What is being asked ->
Only the lines with the string "that" are needed; return each of them from the entries below.

Exercise material ->
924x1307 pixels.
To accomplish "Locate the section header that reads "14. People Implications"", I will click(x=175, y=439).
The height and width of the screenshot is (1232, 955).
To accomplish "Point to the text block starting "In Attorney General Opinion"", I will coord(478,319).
--
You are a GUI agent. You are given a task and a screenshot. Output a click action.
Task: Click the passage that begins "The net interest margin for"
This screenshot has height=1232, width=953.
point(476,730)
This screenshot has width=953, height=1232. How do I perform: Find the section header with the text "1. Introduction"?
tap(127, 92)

Exercise output ->
To accomplish "Locate the section header that reads "14. People Implications"", I will click(x=175, y=439).
Task: Click the passage that begins "The net interest margin for"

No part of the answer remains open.